Assignment - The goal is a clean copy of all the data below, with pictures dropped and everything else retyped exactly.

Material for this exercise -
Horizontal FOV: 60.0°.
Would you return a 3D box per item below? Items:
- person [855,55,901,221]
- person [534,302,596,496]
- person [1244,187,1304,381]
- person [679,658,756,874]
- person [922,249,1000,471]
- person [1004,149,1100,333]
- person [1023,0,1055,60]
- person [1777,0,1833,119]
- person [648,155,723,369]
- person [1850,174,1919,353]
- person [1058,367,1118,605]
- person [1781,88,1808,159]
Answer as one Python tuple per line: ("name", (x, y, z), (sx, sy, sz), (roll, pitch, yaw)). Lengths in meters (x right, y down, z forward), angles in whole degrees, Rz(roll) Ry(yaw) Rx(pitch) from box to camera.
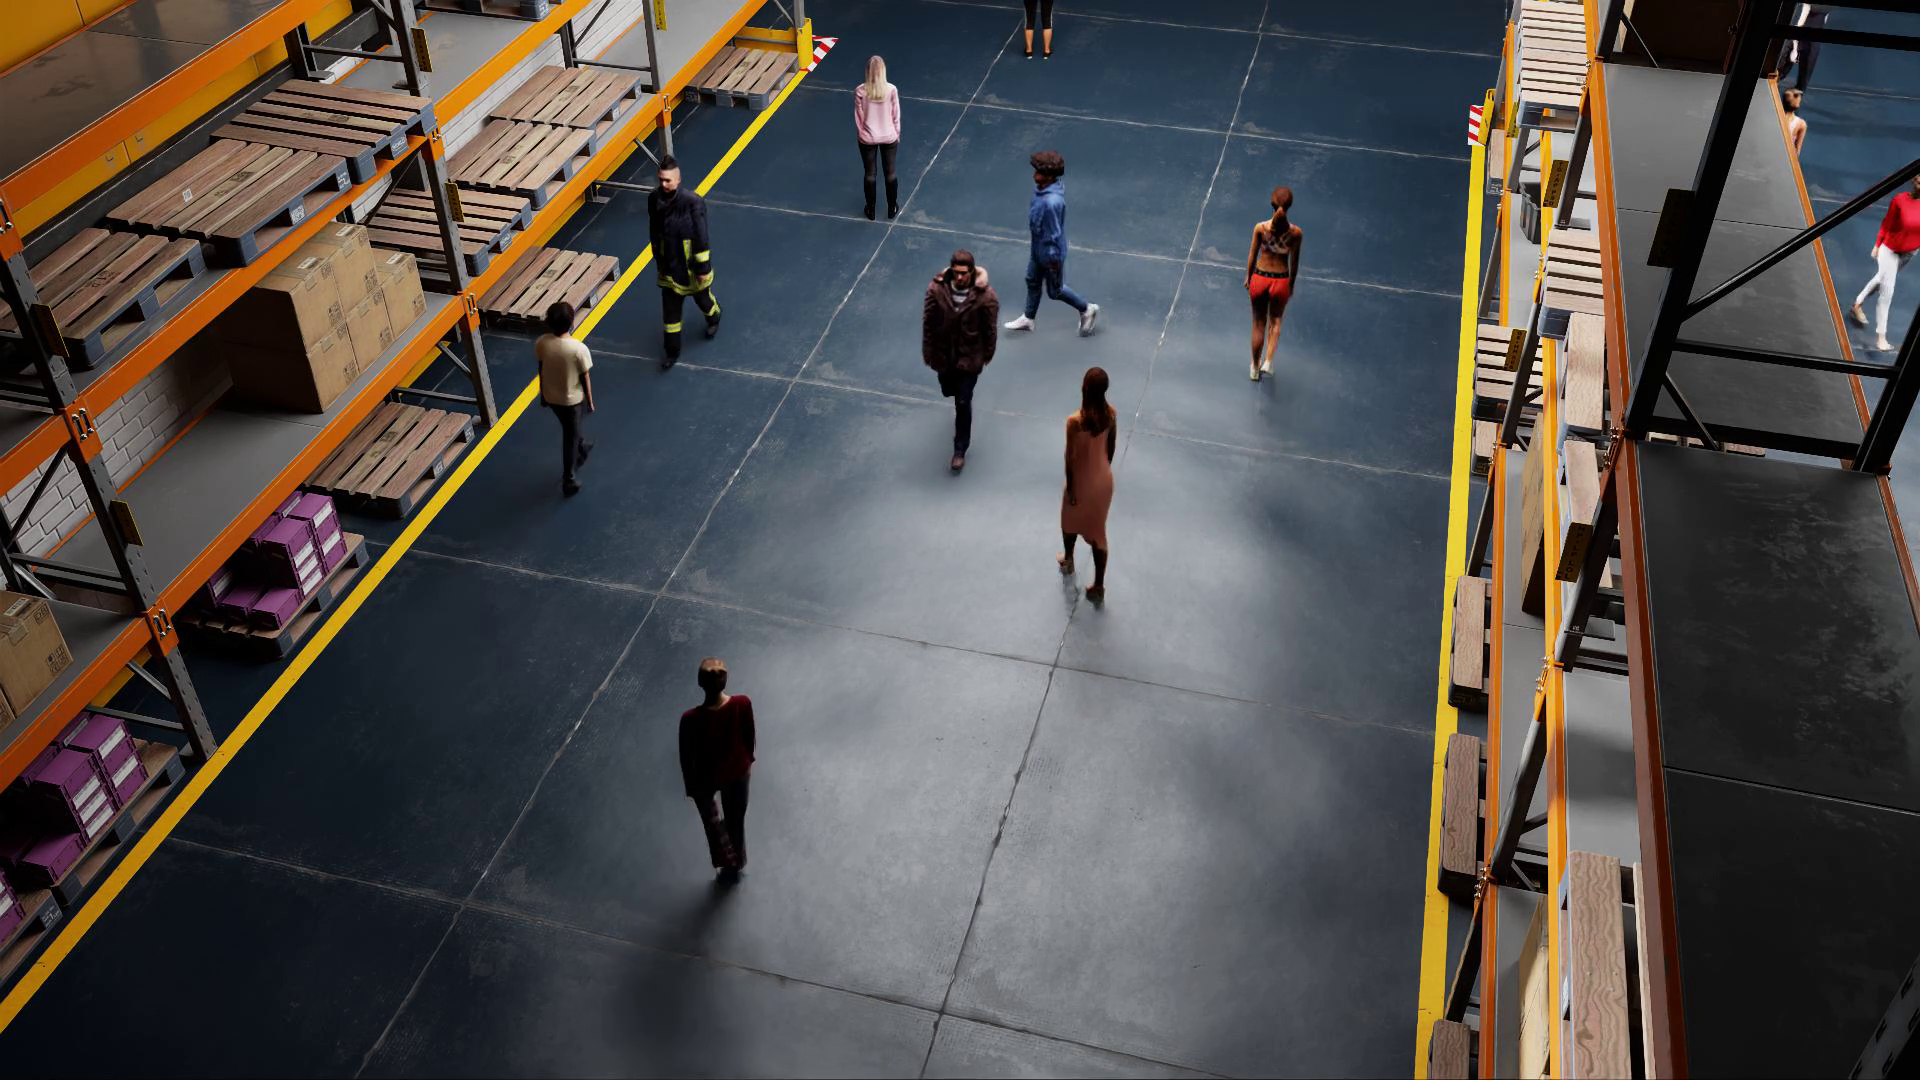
("person", (-0.815, -3.991, 16.506), (0.672, 1.688, 0.656), (-4, 39, -5))
("person", (-3.105, -1.064, 12.952), (0.620, 1.548, 0.915), (11, 40, 13))
("person", (2.617, -2.103, 14.071), (0.603, 1.776, 0.664), (6, 39, 7))
("person", (-1.377, 1.386, 9.772), (0.760, 1.688, 0.807), (-15, 41, -18))
("person", (0.001, -1.532, 13.326), (0.764, 1.814, 1.131), (11, 40, 14))
("person", (0.855, -2.608, 14.693), (1.040, 1.788, 1.126), (-6, 39, -8))
("person", (0.935, -6.555, 19.732), (0.611, 1.668, 0.558), (5, 39, 6))
("person", (9.272, -5.531, 18.416), (0.941, 1.711, 1.156), (-9, 40, -12))
("person", (-2.375, -2.495, 14.518), (0.775, 1.831, 1.130), (7, 39, 9))
("person", (8.280, -2.572, 14.768), (0.750, 1.640, 1.187), (0, 39, 0))
("person", (0.950, -0.333, 11.840), (0.861, 1.794, 0.961), (-18, 42, -21))
("person", (7.802, -3.510, 15.939), (0.602, 1.643, 0.610), (4, 39, 5))

Output for this task -
Horizontal FOV: 60.0°.
Would you return a 3D box per item below? Items:
- person [855,55,901,221]
- person [534,302,596,496]
- person [1244,187,1304,381]
- person [679,658,756,874]
- person [922,249,1000,471]
- person [1004,149,1100,333]
- person [1023,0,1055,60]
- person [1777,0,1833,119]
- person [648,155,723,369]
- person [1850,174,1919,353]
- person [1058,367,1118,605]
- person [1781,88,1808,159]
Answer as one Python tuple per line: ("name", (x, y, z), (sx, sy, sz), (roll, pitch, yaw)). Lengths in meters (x right, y down, z forward), angles in whole degrees, Rz(roll) Ry(yaw) Rx(pitch) from box to camera.
("person", (-0.815, -3.991, 16.506), (0.672, 1.688, 0.656), (-4, 39, -5))
("person", (-3.105, -1.064, 12.952), (0.620, 1.548, 0.915), (11, 40, 13))
("person", (2.617, -2.103, 14.071), (0.603, 1.776, 0.664), (6, 39, 7))
("person", (-1.377, 1.386, 9.772), (0.760, 1.688, 0.807), (-15, 41, -18))
("person", (0.001, -1.532, 13.326), (0.764, 1.814, 1.131), (11, 40, 14))
("person", (0.855, -2.608, 14.693), (1.040, 1.788, 1.126), (-6, 39, -8))
("person", (0.935, -6.555, 19.732), (0.611, 1.668, 0.558), (5, 39, 6))
("person", (9.272, -5.531, 18.416), (0.941, 1.711, 1.156), (-9, 40, -12))
("person", (-2.375, -2.495, 14.518), (0.775, 1.831, 1.130), (7, 39, 9))
("person", (8.280, -2.572, 14.768), (0.750, 1.640, 1.187), (0, 39, 0))
("person", (0.950, -0.333, 11.840), (0.861, 1.794, 0.961), (-18, 42, -21))
("person", (7.802, -3.510, 15.939), (0.602, 1.643, 0.610), (4, 39, 5))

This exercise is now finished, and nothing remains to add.